In a physical-cyber world, threats are not just about protecting the network and consideration must also be given towards protecting the operational systems/process. Arguably, the first targeted cyber attack against control systems was in Maroochyshire, Australia. In 2000, a disgruntled SCADA contractor maliciously hacked the sewage discharge valves, leading to a series of major sewage spills. The valves used in sewage treatment systems are similar to I&C equipment used in other industrial facilities.
I believe there are many people in industry willing to share information about ICS cyber incidents. However, in too many cases, policy decisions will not allow them to do so. The fact is that legal departments too often are afraid that somehow disclosures will make them a target, or that this will be reflected in a lower stock price, or other irrational fears. These fears are irrational because properly done, disclosure should not cause these problems, but help prevent problems. In the 2011 timeframe, I had two engineers attend the ICS Cyber Security Conference to discuss actual ICS cyber incidents on a non-attributed basis5. Because they thought it was so important to share this information with their peers, they came even though their organization would not support their travel expenses.
However, the engineers shared their information in a non-attributable manner (they did not identify their organizations). The conference was in the Washington, DC area but none of the major industry organizations attended nor did NIST yet these organizations seem to be very vocal about the need to share information. In February 2013, NERC issued a lessons-learned report on four incidents. All were clearly cyber incidents but NERC did not to identify any of the incidents as being cyber-related.
The irrational fear of cyber incident disclosure is not only preventing the affected organization from sharing of information, often times even within their own organization, but also external organizations from hearing the information. It also means the security guidance being disseminated and the table-top exercises being required do not reflect what is actually occurring and can actually lead to organizations taking the wrong actions during an actual cyber incident.

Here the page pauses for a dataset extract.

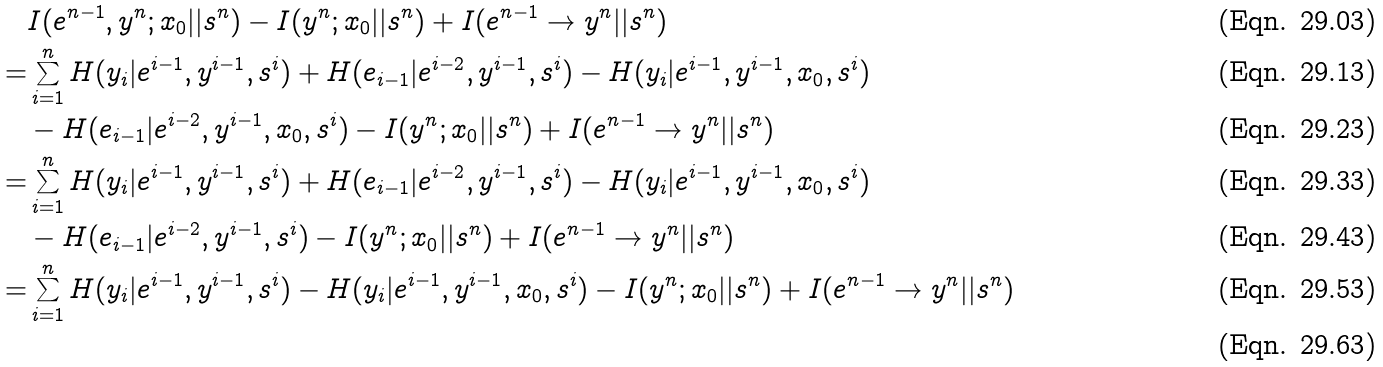<formula> <loc_0><loc_0><loc_500><loc_500>& I ( e ^ { n - 1 } , y ^ { n } ; x _ { 0 } | | s ^ { n } ) - I ( y ^ { n } ; x _ { 0 } | | s ^ { n } ) + I ( e ^ { n - 1 } \rightarrow y ^ { n } | | s ^ { n } ) \\ = & \sum _ { i = 1 } ^ { n } H ( y _ { i } | e ^ { i - 1 } , y ^ { i - 1 } , s ^ { i } ) + H ( e _ { i - 1 } | e ^ { i - 2 } , y ^ { i - 1 } , s ^ { i } ) - H ( y _ { i } | e ^ { i - 1 } , y ^ { i - 1 } , x _ { 0 } , s ^ { i } ) \\ & - H ( e _ { i - 1 } | e ^ { i - 2 } , y ^ { i - 1 } , x _ { 0 } , s ^ { i } ) - I ( y ^ { n } ; x _ { 0 } | | s ^ { n } ) + I ( e ^ { n - 1 } \rightarrow y ^ { n } | | s ^ { n } ) \\ = & \sum _ { i = 1 } ^ { n } H ( y _ { i } | e ^ { i - 1 } , y ^ { i - 1 } , s ^ { i } ) + H ( e _ { i - 1 } | e ^ { i - 2 } , y ^ { i - 1 } , s ^ { i } ) - H ( y _ { i } | e ^ { i - 1 } , y ^ { i - 1 } , x _ { 0 } , s ^ { i } ) \\ & - H ( e _ { i - 1 } | e ^ { i - 2 } , y ^ { i - 1 } , s ^ { i } ) - I ( y ^ { n } ; x _ { 0 } | | s ^ { n } ) + I ( e ^ { n - 1 } \rightarrow y ^ { n } | | s ^ { n } ) \\ = & \sum _ { i = 1 } ^ { n } H ( y _ { i } | e ^ { i - 1 } , y ^ { i - 1 } , s ^ { i } ) - H ( y _ { i } | e ^ { i - 1 } , y ^ { i - 1 } , x _ { 0 } , s ^ { i } ) - I ( y ^ { n } ; x _ { 0 } | | s ^ { n } ) + I ( e ^ { n - 1 } \rightarrow y ^ { n } | | s ^ { n } ) \\</formula>

Information sharing has been a continuing problem, particularly with ICSs. The issues are not just a reticence to share, but a lack of connecting the dots. Years ago, I was talking to a US Department of Defense (DOD) cyber security subject matter expert who just returned from an international trip. While overseas, he met some government representatives from that country. During one of the discussions the US DOD representative brought up ICS cyber security.
At the mention of ICS, one of the international government representatives mentioned they had suffered malicious cyberattacks against their electric grid in the 2006-2008 timeframe. What made that disclosure so interesting to me was that representatives from that country attended the 2007 and 2008 ICS Cyber Security Conferences. I was surprised this country was attending as I had not contacted them and had no idea why the Conference was important to them. What an interesting way to connect the dots.

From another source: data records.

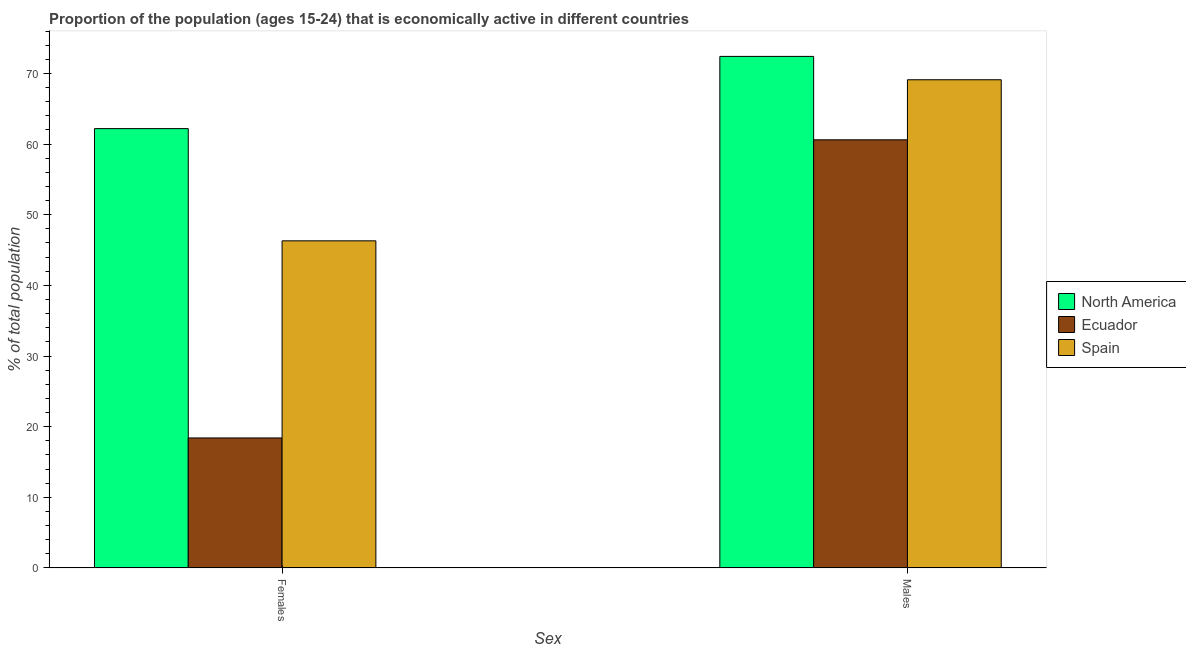How many groups of bars are there?
Your answer should be very brief. 2. Are the number of bars per tick equal to the number of legend labels?
Ensure brevity in your answer.  Yes. Are the number of bars on each tick of the X-axis equal?
Your response must be concise. Yes. How many bars are there on the 1st tick from the left?
Give a very brief answer. 3. What is the label of the 1st group of bars from the left?
Your answer should be compact. Females. What is the percentage of economically active male population in Spain?
Provide a succinct answer. 69.1. Across all countries, what is the maximum percentage of economically active male population?
Ensure brevity in your answer.  72.41. Across all countries, what is the minimum percentage of economically active female population?
Offer a terse response. 18.4. In which country was the percentage of economically active male population maximum?
Your response must be concise. North America. In which country was the percentage of economically active female population minimum?
Offer a terse response. Ecuador. What is the total percentage of economically active male population in the graph?
Offer a terse response. 202.11. What is the difference between the percentage of economically active female population in Ecuador and that in Spain?
Your response must be concise. -27.9. What is the difference between the percentage of economically active male population in North America and the percentage of economically active female population in Ecuador?
Provide a short and direct response. 54.01. What is the average percentage of economically active male population per country?
Make the answer very short. 67.37. What is the difference between the percentage of economically active female population and percentage of economically active male population in Spain?
Offer a terse response. -22.8. What is the ratio of the percentage of economically active female population in Ecuador to that in North America?
Keep it short and to the point. 0.3. Is the percentage of economically active male population in Ecuador less than that in North America?
Provide a short and direct response. Yes. What does the 2nd bar from the left in Males represents?
Provide a short and direct response. Ecuador. What does the 2nd bar from the right in Females represents?
Give a very brief answer. Ecuador. How many bars are there?
Provide a succinct answer. 6. How many countries are there in the graph?
Offer a terse response. 3. What is the difference between two consecutive major ticks on the Y-axis?
Make the answer very short. 10. Does the graph contain any zero values?
Give a very brief answer. No. Does the graph contain grids?
Give a very brief answer. No. Where does the legend appear in the graph?
Make the answer very short. Center right. How many legend labels are there?
Your response must be concise. 3. How are the legend labels stacked?
Your response must be concise. Vertical. What is the title of the graph?
Make the answer very short. Proportion of the population (ages 15-24) that is economically active in different countries. Does "Latvia" appear as one of the legend labels in the graph?
Your answer should be very brief. No. What is the label or title of the X-axis?
Your answer should be compact. Sex. What is the label or title of the Y-axis?
Provide a succinct answer. % of total population. What is the % of total population in North America in Females?
Provide a succinct answer. 62.19. What is the % of total population in Ecuador in Females?
Your answer should be compact. 18.4. What is the % of total population in Spain in Females?
Provide a short and direct response. 46.3. What is the % of total population in North America in Males?
Keep it short and to the point. 72.41. What is the % of total population in Ecuador in Males?
Keep it short and to the point. 60.6. What is the % of total population in Spain in Males?
Ensure brevity in your answer.  69.1. Across all Sex, what is the maximum % of total population in North America?
Offer a terse response. 72.41. Across all Sex, what is the maximum % of total population of Ecuador?
Provide a short and direct response. 60.6. Across all Sex, what is the maximum % of total population of Spain?
Provide a succinct answer. 69.1. Across all Sex, what is the minimum % of total population of North America?
Provide a succinct answer. 62.19. Across all Sex, what is the minimum % of total population in Ecuador?
Make the answer very short. 18.4. Across all Sex, what is the minimum % of total population of Spain?
Your response must be concise. 46.3. What is the total % of total population in North America in the graph?
Give a very brief answer. 134.59. What is the total % of total population in Ecuador in the graph?
Provide a succinct answer. 79. What is the total % of total population in Spain in the graph?
Give a very brief answer. 115.4. What is the difference between the % of total population in North America in Females and that in Males?
Your answer should be very brief. -10.22. What is the difference between the % of total population in Ecuador in Females and that in Males?
Give a very brief answer. -42.2. What is the difference between the % of total population of Spain in Females and that in Males?
Provide a succinct answer. -22.8. What is the difference between the % of total population of North America in Females and the % of total population of Ecuador in Males?
Offer a very short reply. 1.59. What is the difference between the % of total population of North America in Females and the % of total population of Spain in Males?
Offer a terse response. -6.91. What is the difference between the % of total population of Ecuador in Females and the % of total population of Spain in Males?
Provide a short and direct response. -50.7. What is the average % of total population of North America per Sex?
Provide a short and direct response. 67.3. What is the average % of total population of Ecuador per Sex?
Your answer should be compact. 39.5. What is the average % of total population in Spain per Sex?
Your answer should be very brief. 57.7. What is the difference between the % of total population of North America and % of total population of Ecuador in Females?
Your answer should be compact. 43.79. What is the difference between the % of total population in North America and % of total population in Spain in Females?
Your response must be concise. 15.89. What is the difference between the % of total population of Ecuador and % of total population of Spain in Females?
Keep it short and to the point. -27.9. What is the difference between the % of total population of North America and % of total population of Ecuador in Males?
Ensure brevity in your answer.  11.81. What is the difference between the % of total population in North America and % of total population in Spain in Males?
Give a very brief answer. 3.31. What is the difference between the % of total population of Ecuador and % of total population of Spain in Males?
Offer a terse response. -8.5. What is the ratio of the % of total population of North America in Females to that in Males?
Offer a very short reply. 0.86. What is the ratio of the % of total population of Ecuador in Females to that in Males?
Offer a terse response. 0.3. What is the ratio of the % of total population of Spain in Females to that in Males?
Ensure brevity in your answer.  0.67. What is the difference between the highest and the second highest % of total population in North America?
Provide a short and direct response. 10.22. What is the difference between the highest and the second highest % of total population of Ecuador?
Your response must be concise. 42.2. What is the difference between the highest and the second highest % of total population in Spain?
Your answer should be very brief. 22.8. What is the difference between the highest and the lowest % of total population of North America?
Make the answer very short. 10.22. What is the difference between the highest and the lowest % of total population of Ecuador?
Keep it short and to the point. 42.2. What is the difference between the highest and the lowest % of total population of Spain?
Your answer should be compact. 22.8.

On March 12, 2015, DHS’s ICS-CERT issued the ICS CERT Monitor (https://ics-cert.us-cert.gov/sites/default/files/Monitors/ICS-CERT_Monitor_Sep2014-Feb2015.pdf). The ICS-CERT report identified 245 total incidents in 2014. The report broke out the incidents by sector and by access vector. The report stated the majority of incidents had an “unknown” access vector which implies lack of appropriate monitoring.
The report identified the network access vector categorization which made up 62% of the incidents were traditional IT attack vectors which can affect control systems but doesn’t address control system-unique vectors such as unauthorized control system logic changes, unauthorized breaker control, etc.
I had the following questions about the ICS-CERT report data:
- Are there international cases?
- As there were few end-users monitoring their control system networks at the time, how many of the Network Scanning/Probing incidents come from monitoring the control system networks?
- How many of the control system incidents were from field control systems (controllers, sensors, actuators, analyzers, etc)?
- Of the 38% unknown access incidents, how many accessed the field control systems?
- How many of these incidents are from control systems directly connected to the Internet with no cyber security protection?
Arguably the most important question is how many of the control system incidents actually affected facility reliability and/or safety. The report stated that the majority of the incidents were from an “unknown” access vector but the organization was confirmed to be compromised. What does “compromised” mean? Did the compromise affect the reliability and/or safety of the facility? The same issues continue to date. The CS2AI-KMPG Control System Cyber Security Report 2020 was released in November 20206. The survey report is similar to most ICS/OT surveys I have seen in that is almost exclusively focused on OT networks without substantial input from control system or safety engineers. The control system Purdue Reference Model Level 0,1 devices weren’t included in the report even though they could be remotely accessed. The section on control system cyber incidents only addressed network incidents. The section on Impacts of control system incidents didn’t even have a category for physical impacts.
In another case, according to Claroty, more than 70% of ICS vulnerabilities disclosed in the first half of 2020 can be exploited remotely, highlighting the importance of protecting internet-facing ICS devices and remote access connections. The Claroty assessment of 365 ICS vulnerabilities was published by the National Vulnerability Database (NVD). During the first half of 2020,53 venders received 139 ICS advisories issued by the Industrial Control Systems Cyber Emergency Response Team (ICS-CERT)7. ICS vulnerabilities published by the NVD (2019) increased by 10.3% from 331, while ICS-CERT advisories increased by 32.4% from 105. Yet none of these addressed control system devices.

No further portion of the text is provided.